This work addresses the sensitivity of existing deep multi-view clustering methods to heterogeneous noise commonly present in real-world scenarios and their inability to model the continuous variation of noise intensity. To this end, we propose QARMVC, a quality-aware robust multi-view clustering framework that introduces, for the first time, a fine-grained sample-level quality scoring mechanism. Specifically, semantic representations are extracted via the information bottleneck principle, and reconstruction errors are leveraged to quantify noise intensity. Building upon these quality scores, we design a quality-weighted contrastive learning strategy and a high-quality consensus fusion scheme to adaptively suppress noise interference during both feature extraction and view fusion. Extensive experiments demonstrate that QARMVC significantly outperforms state-of-the-art methods across five benchmark datasets, exhibiting exceptional robustness and clustering performance particularly under heterogeneous noise conditions.

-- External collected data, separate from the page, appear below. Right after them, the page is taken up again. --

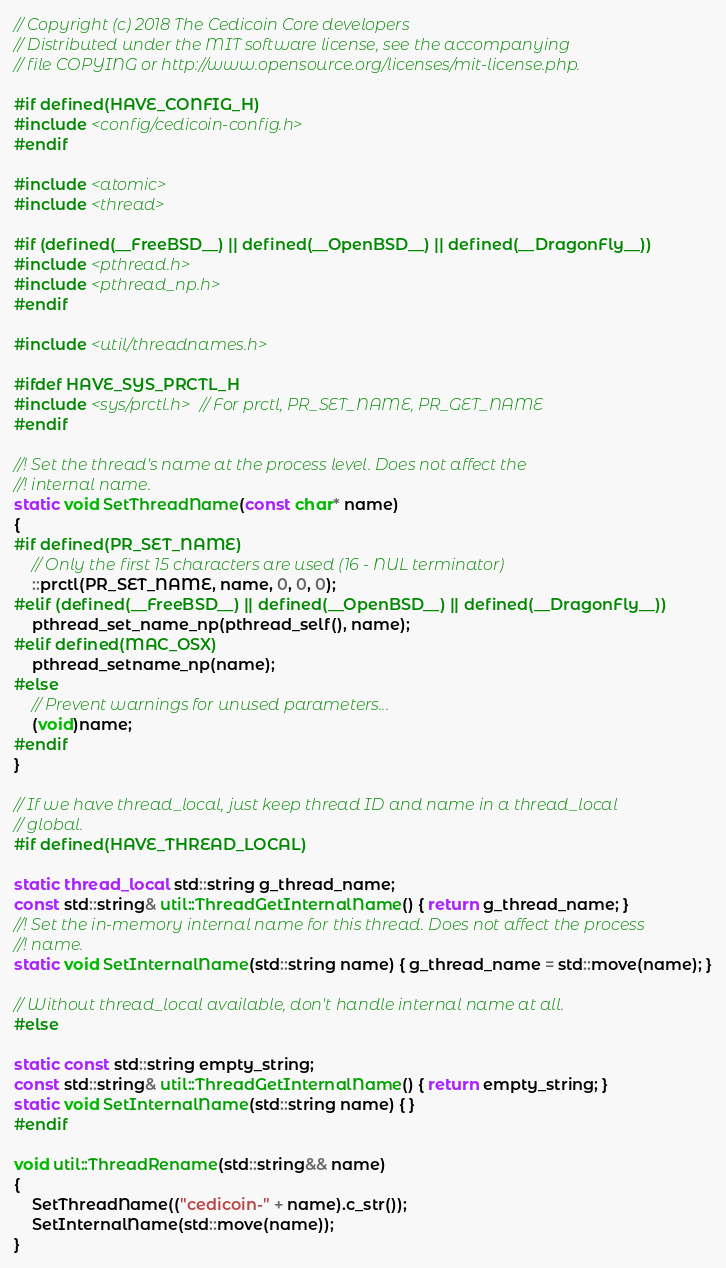<code> <loc_0><loc_0><loc_500><loc_500><_C++_>// Copyright (c) 2018 The Cedicoin Core developers
// Distributed under the MIT software license, see the accompanying
// file COPYING or http://www.opensource.org/licenses/mit-license.php.

#if defined(HAVE_CONFIG_H)
#include <config/cedicoin-config.h>
#endif

#include <atomic>
#include <thread>

#if (defined(__FreeBSD__) || defined(__OpenBSD__) || defined(__DragonFly__))
#include <pthread.h>
#include <pthread_np.h>
#endif

#include <util/threadnames.h>

#ifdef HAVE_SYS_PRCTL_H
#include <sys/prctl.h> // For prctl, PR_SET_NAME, PR_GET_NAME
#endif

//! Set the thread's name at the process level. Does not affect the
//! internal name.
static void SetThreadName(const char* name)
{
#if defined(PR_SET_NAME)
    // Only the first 15 characters are used (16 - NUL terminator)
    ::prctl(PR_SET_NAME, name, 0, 0, 0);
#elif (defined(__FreeBSD__) || defined(__OpenBSD__) || defined(__DragonFly__))
    pthread_set_name_np(pthread_self(), name);
#elif defined(MAC_OSX)
    pthread_setname_np(name);
#else
    // Prevent warnings for unused parameters...
    (void)name;
#endif
}

// If we have thread_local, just keep thread ID and name in a thread_local
// global.
#if defined(HAVE_THREAD_LOCAL)

static thread_local std::string g_thread_name;
const std::string& util::ThreadGetInternalName() { return g_thread_name; }
//! Set the in-memory internal name for this thread. Does not affect the process
//! name.
static void SetInternalName(std::string name) { g_thread_name = std::move(name); }

// Without thread_local available, don't handle internal name at all.
#else

static const std::string empty_string;
const std::string& util::ThreadGetInternalName() { return empty_string; }
static void SetInternalName(std::string name) { }
#endif

void util::ThreadRename(std::string&& name)
{
    SetThreadName(("cedicoin-" + name).c_str());
    SetInternalName(std::move(name));
}
</code> 
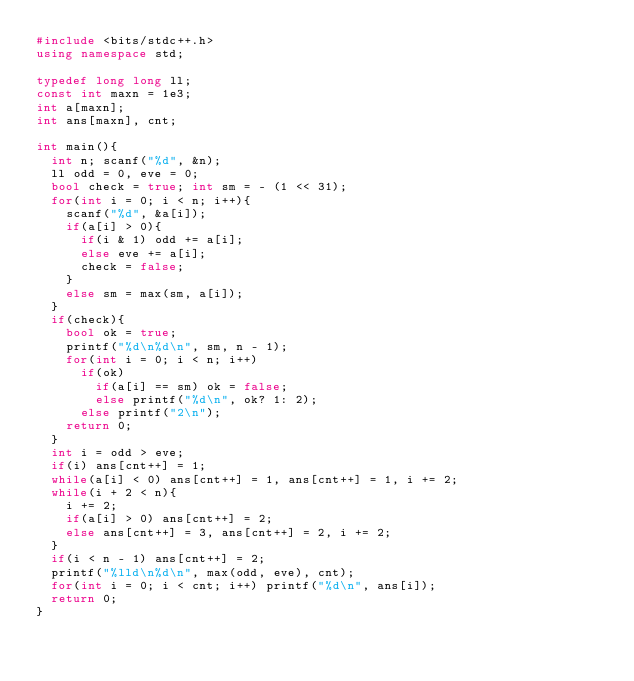<code> <loc_0><loc_0><loc_500><loc_500><_C++_>#include <bits/stdc++.h>
using namespace std;

typedef long long ll;
const int maxn = 1e3;
int a[maxn];
int ans[maxn], cnt;

int main(){
  int n; scanf("%d", &n);
  ll odd = 0, eve = 0;
  bool check = true; int sm = - (1 << 31);
  for(int i = 0; i < n; i++){
    scanf("%d", &a[i]);
    if(a[i] > 0){
      if(i & 1) odd += a[i];
      else eve += a[i];
      check = false;
    }
    else sm = max(sm, a[i]);
  }
  if(check){
    bool ok = true;
    printf("%d\n%d\n", sm, n - 1);
    for(int i = 0; i < n; i++)
      if(ok)
        if(a[i] == sm) ok = false;
        else printf("%d\n", ok? 1: 2);
      else printf("2\n");
    return 0;
  }
  int i = odd > eve;
  if(i) ans[cnt++] = 1;
  while(a[i] < 0) ans[cnt++] = 1, ans[cnt++] = 1, i += 2;
  while(i + 2 < n){
    i += 2;
    if(a[i] > 0) ans[cnt++] = 2;
    else ans[cnt++] = 3, ans[cnt++] = 2, i += 2;
  }
  if(i < n - 1) ans[cnt++] = 2;
  printf("%lld\n%d\n", max(odd, eve), cnt);
  for(int i = 0; i < cnt; i++) printf("%d\n", ans[i]);
  return 0;
}
</code> 
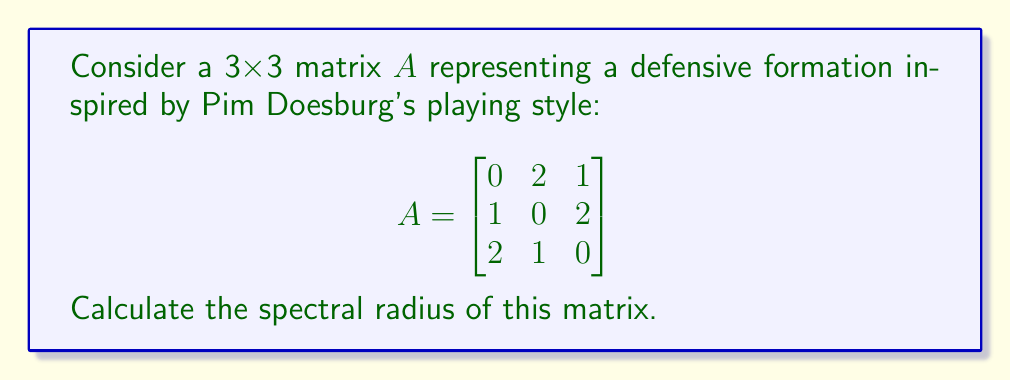Teach me how to tackle this problem. To find the spectral radius of matrix $A$, we need to follow these steps:

1) Calculate the eigenvalues of $A$:
   - Find the characteristic polynomial: $det(A - \lambda I) = 0$
   - Solve for $\lambda$

2) The spectral radius is the maximum absolute value of the eigenvalues.

Step 1: Calculate eigenvalues

a) Set up the characteristic equation:
   $$det(A - \lambda I) = \begin{vmatrix}
   -\lambda & 2 & 1 \\
   1 & -\lambda & 2 \\
   2 & 1 & -\lambda
   \end{vmatrix} = 0$$

b) Expand the determinant:
   $-\lambda^3 + 2\lambda - (2\lambda + 2\lambda + 1) = 0$
   $-\lambda^3 - 4\lambda - 1 = 0$

c) Solve this cubic equation. The solutions are:
   $\lambda_1 = -2$
   $\lambda_2 = 1 + i$
   $\lambda_3 = 1 - i$

Step 2: Find the spectral radius

The absolute values of the eigenvalues are:
$|\lambda_1| = 2$
$|\lambda_2| = |\lambda_3| = \sqrt{1^2 + 1^2} = \sqrt{2}$

The spectral radius is the maximum of these values, which is 2.
Answer: 2 
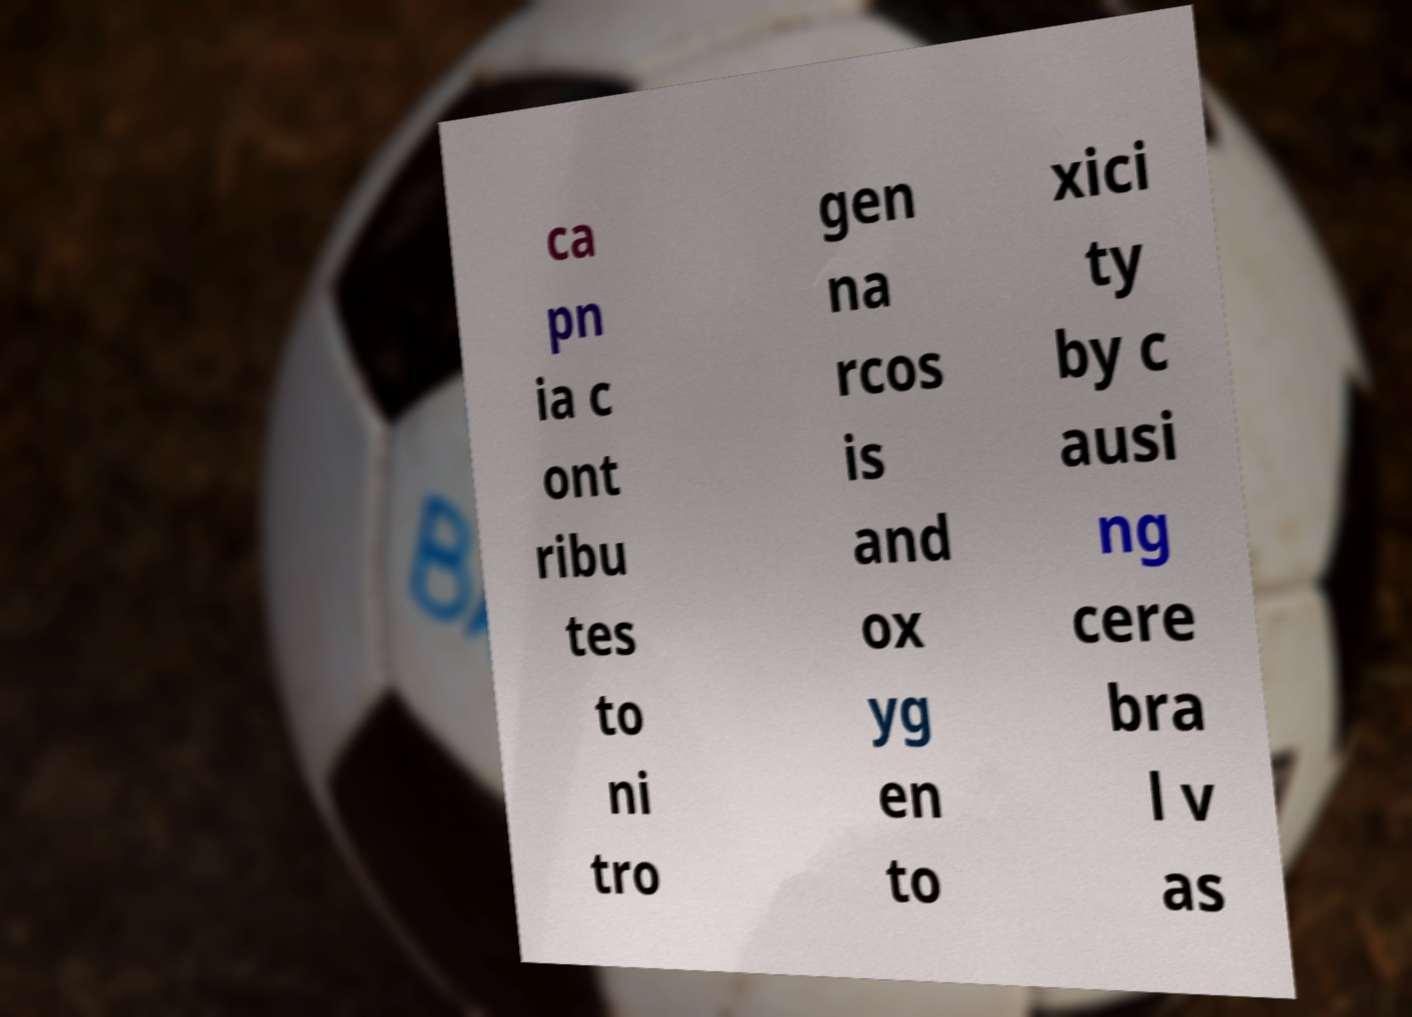There's text embedded in this image that I need extracted. Can you transcribe it verbatim? ca pn ia c ont ribu tes to ni tro gen na rcos is and ox yg en to xici ty by c ausi ng cere bra l v as 
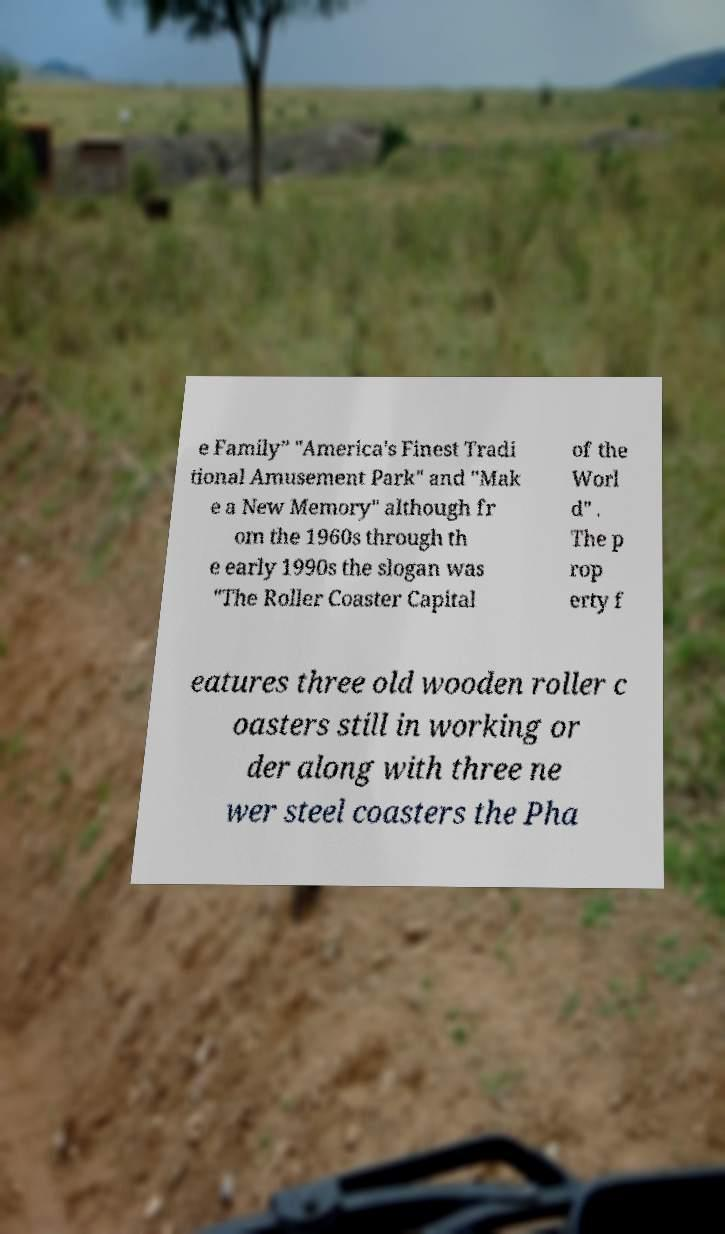For documentation purposes, I need the text within this image transcribed. Could you provide that? e Family” "America's Finest Tradi tional Amusement Park" and "Mak e a New Memory" although fr om the 1960s through th e early 1990s the slogan was "The Roller Coaster Capital of the Worl d" . The p rop erty f eatures three old wooden roller c oasters still in working or der along with three ne wer steel coasters the Pha 
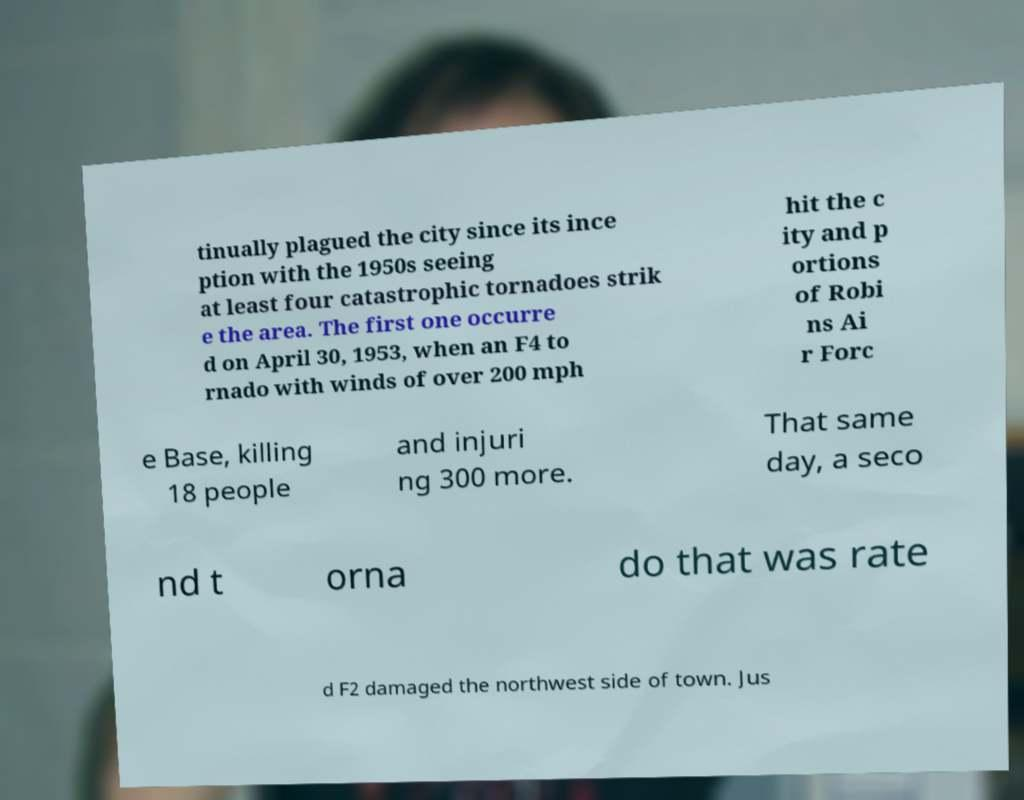Please read and relay the text visible in this image. What does it say? tinually plagued the city since its ince ption with the 1950s seeing at least four catastrophic tornadoes strik e the area. The first one occurre d on April 30, 1953, when an F4 to rnado with winds of over 200 mph hit the c ity and p ortions of Robi ns Ai r Forc e Base, killing 18 people and injuri ng 300 more. That same day, a seco nd t orna do that was rate d F2 damaged the northwest side of town. Jus 
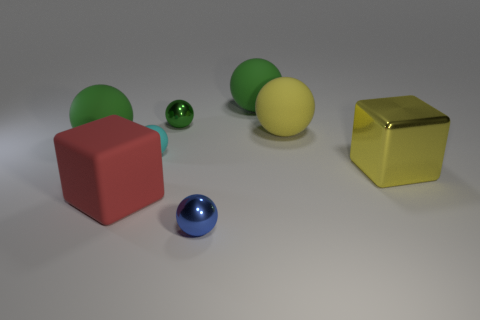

Deep multi-view clustering has achieved remarkable progress but remains vulnerable to complex noise in real-world applications. Existing noisy robust methods predominantly rely on a simplified binary assumption, treating data as either perfectly clean or completely corrupted. This overlooks the prevalent existence of heterogeneous observation noise, where contamination intensity varies continuously across data. To bridge this gap, we propose a novel framework termed Quality-Aware Robust Multi-View Clustering (QARMVC). Specifically, QARMVC employs an information bottleneck mechanism to extract intrinsic semantics for view reconstruction. Leveraging the insight that noise disrupts semantic integrity and impedes reconstruction, we utilize the resulting reconstruction discrepancy to precisely quantify fine-grained contamination intensity and derive instance-level quality scores. These scores are integrated into a hierarchical learning strategy: at the feature level, a quality-weighted contrastive objective is designed to adaptively suppress the propagation of noise; at the fusion level, a high-quality global consensus is constructed via quality-weighted aggregation, which is subsequently utilized to align and rectify local views via mutual information maximization. Extensive experiments on five benchmark datasets demonstrate that QARMVC consistently outperforms state-of-the-art baselines, particularly in scenarios with heterogeneous noise intensities.